Phase 2: Trail-Cam Tactics
One summer Iowa bowhunter Jay Gregory glassed a stud in the soybeans on several evenings. The buck was coming out of deep cover in a river bottom. Gregory sneaked in there and set a few cameras on the best trails he could find. Throughout September he got some awesome pictures. My Lord, that giant will score close to 200, he thought. One October day he got the shot he really wanted. The buck crossed the river near his bedding area in broad daylight at 8:00 am. Gregory moved in with a tree stand and killed him a short time later. He scored 198.
There are three morals to this story:
1) Late-summer visuals coupled with trail-camera photos take your scouting to the next level, and double your chances of patterning and shooting a monster.
2) “Once you spot an old buck in a field, sneak in and set cameras on trails in a nearby riverbed or creek bottom,” says Gregory. “As summer deepens, mature bucks spend a lot of time hanging out near water in low areas. If you get lucky and set your cams in the right spot, you can find out exactly where he’s bedding.”
3) Night pictures of bucks are cool, but once you snap a big boy on the prowl in early or afternoon shooting light, move in and hunt your best stand for the kill. Sometimes a titan will only move in good light for a few days each fall; a cam picture can help you be in the right spot at the right time.
Phase 3: The Ground Work
You still need to get out and do some good old ground pounding. How else can you set a stand or blind and expect that brute you’ve been glassing and photographing to walk within 25 yards of it?
Scout one day around lunchtime, when deer are bedded. Spray down with Scent Killer. Walk across a field or cutover to a tree line where you’ve watched a fat 8-pointer step out. Check the wind; it should blow out of the woods. Sneak 50 to 100 yards back into the wind and timber. Don’t go much deeper than that, or else you’ll bump deer. Some does and bucks loaf super-tight to the feed this time of year.

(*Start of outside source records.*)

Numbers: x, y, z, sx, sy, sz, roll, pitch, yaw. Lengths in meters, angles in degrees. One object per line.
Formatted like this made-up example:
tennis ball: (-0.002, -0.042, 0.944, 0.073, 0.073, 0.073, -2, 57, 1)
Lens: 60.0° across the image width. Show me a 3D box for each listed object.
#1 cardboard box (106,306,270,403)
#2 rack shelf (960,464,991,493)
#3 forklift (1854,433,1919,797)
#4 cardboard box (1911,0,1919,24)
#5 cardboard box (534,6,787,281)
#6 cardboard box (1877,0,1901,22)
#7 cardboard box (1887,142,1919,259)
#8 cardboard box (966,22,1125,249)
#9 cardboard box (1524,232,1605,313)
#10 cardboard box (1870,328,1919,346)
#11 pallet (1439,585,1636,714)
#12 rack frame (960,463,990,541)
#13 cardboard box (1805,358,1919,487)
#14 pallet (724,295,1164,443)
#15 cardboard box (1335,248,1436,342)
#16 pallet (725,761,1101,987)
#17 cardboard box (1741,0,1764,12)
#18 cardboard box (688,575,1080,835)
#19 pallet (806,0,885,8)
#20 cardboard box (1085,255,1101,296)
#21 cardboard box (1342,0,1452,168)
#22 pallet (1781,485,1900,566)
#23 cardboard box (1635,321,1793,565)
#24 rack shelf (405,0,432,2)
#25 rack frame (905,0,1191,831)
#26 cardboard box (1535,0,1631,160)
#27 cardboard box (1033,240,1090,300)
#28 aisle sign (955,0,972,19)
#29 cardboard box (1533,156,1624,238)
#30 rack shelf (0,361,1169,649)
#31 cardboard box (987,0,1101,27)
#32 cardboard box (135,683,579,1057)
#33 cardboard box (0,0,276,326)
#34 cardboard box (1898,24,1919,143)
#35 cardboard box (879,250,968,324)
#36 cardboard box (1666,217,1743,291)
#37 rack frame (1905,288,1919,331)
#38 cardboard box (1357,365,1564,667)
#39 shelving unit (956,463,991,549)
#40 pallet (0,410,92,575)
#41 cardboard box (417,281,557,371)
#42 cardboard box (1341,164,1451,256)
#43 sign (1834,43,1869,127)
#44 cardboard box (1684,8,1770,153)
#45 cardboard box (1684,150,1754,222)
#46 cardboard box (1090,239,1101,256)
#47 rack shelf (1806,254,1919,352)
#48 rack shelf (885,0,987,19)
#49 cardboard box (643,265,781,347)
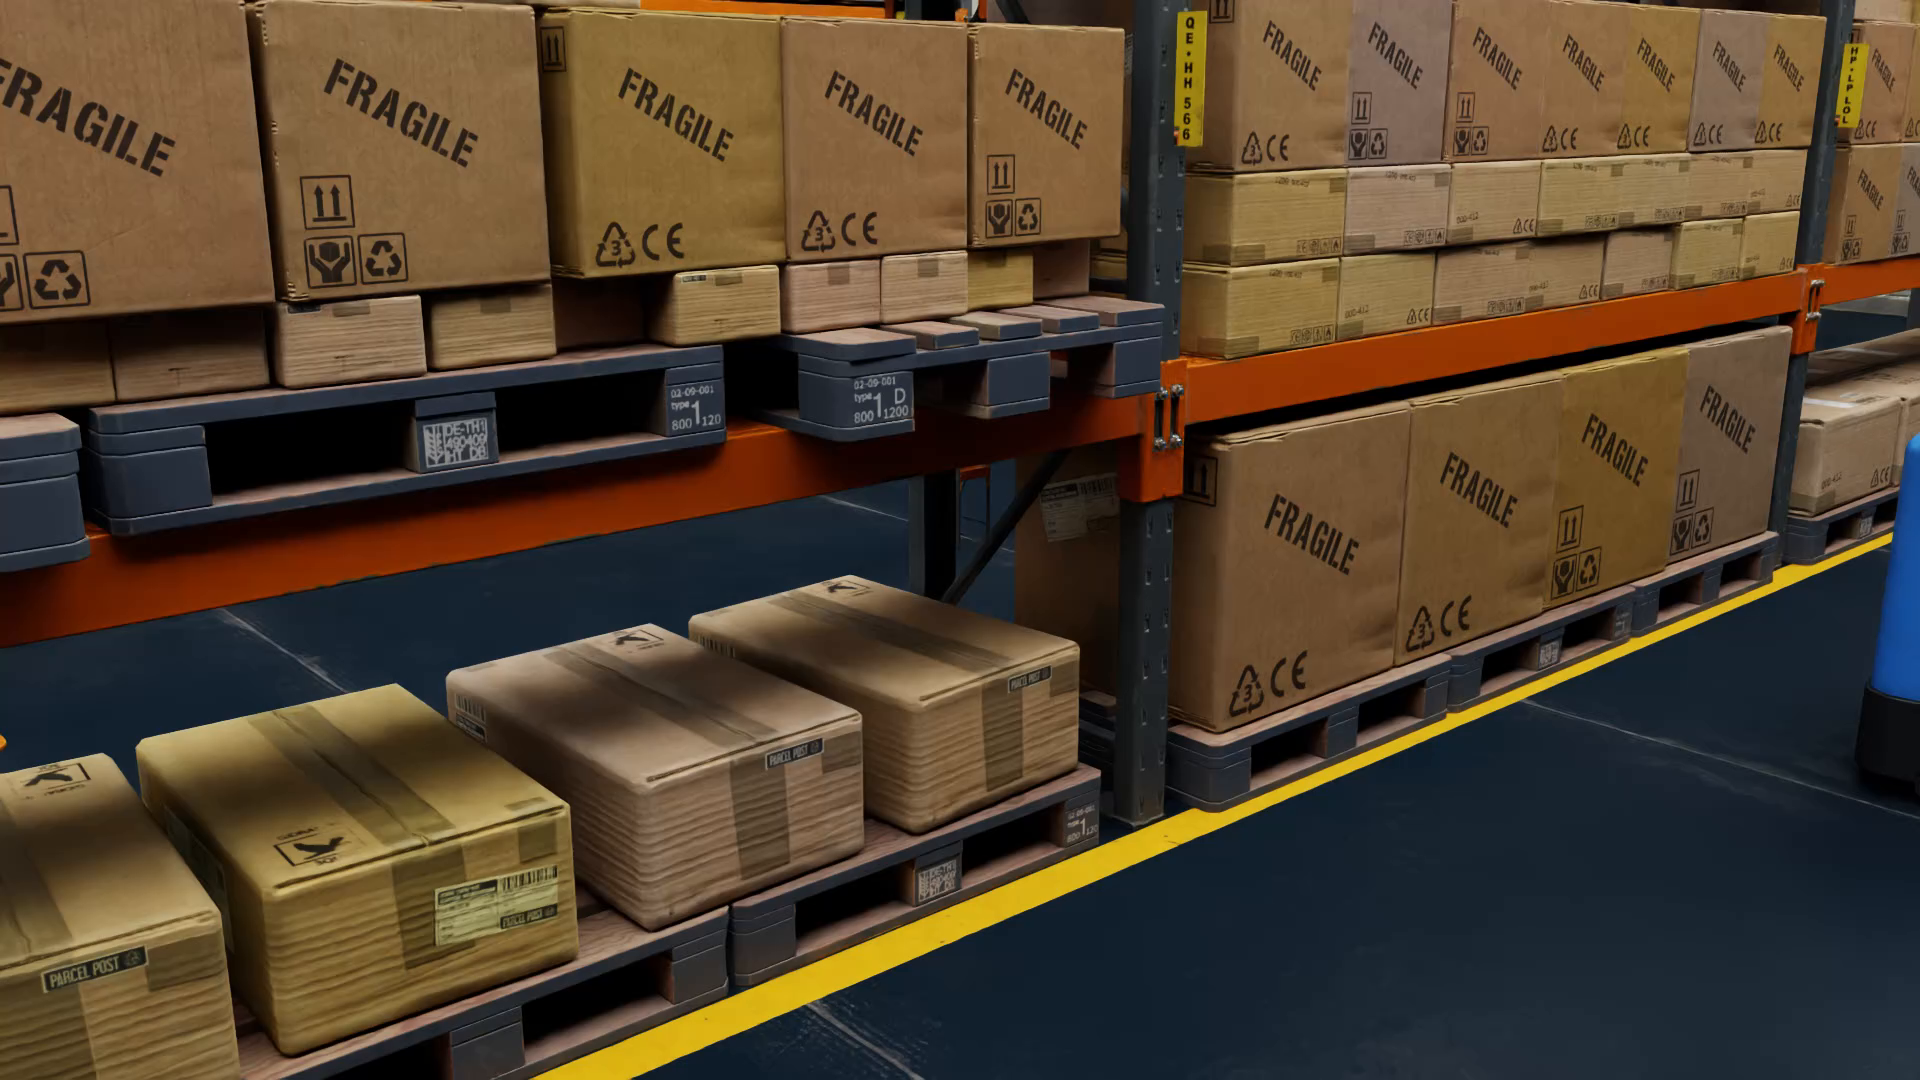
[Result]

Back in there, look for this early sign:
Rubs: Big rubs start popping up around September 1. Soon after stripping their velvet, dominant bucks post mega rubs on aromatic pines or cedars, hardwoods or even fence posts to tell does and other males, “This spot is mine!” Find a cluster of arm-size rubs on a ridge or in a river bottom near a crop field and you’ve found some segment of a big deer’s core area—hunt there into October.
Droppings: Lots of fresh pellets or clumps in a thicket or swamp tell you animals are edding there. If they’re dry and light brown, look for the nearest cornfield or oak flat where the deer are feeding and plan an ambush. If the scat is moist and greenish-black, check a nearby clover or wheat plot or maybe an apple orchard. Also look for pellets beneath mast trees where deer feed.
Tracks: Lots of so-so tracks indicate a lot of deer. A deep, splayed, three-inch print tells you a heavy buck is with them (size of his rack, nobody knows). Look for buck tracks along the edge of a field or in a muddy creek or river crossing.
Beds: I sometimes carry a tape measure to check tracks and also beds. My field research says a full-grown buck’s bed in matted grass or leaves is roughly 45 to 50 inches long, while a doe or young buck’s is 40 inches or so. You can never get too much info.
You’ve got about 6 weeks to put this 3-phase plan to work before bow season, good luck!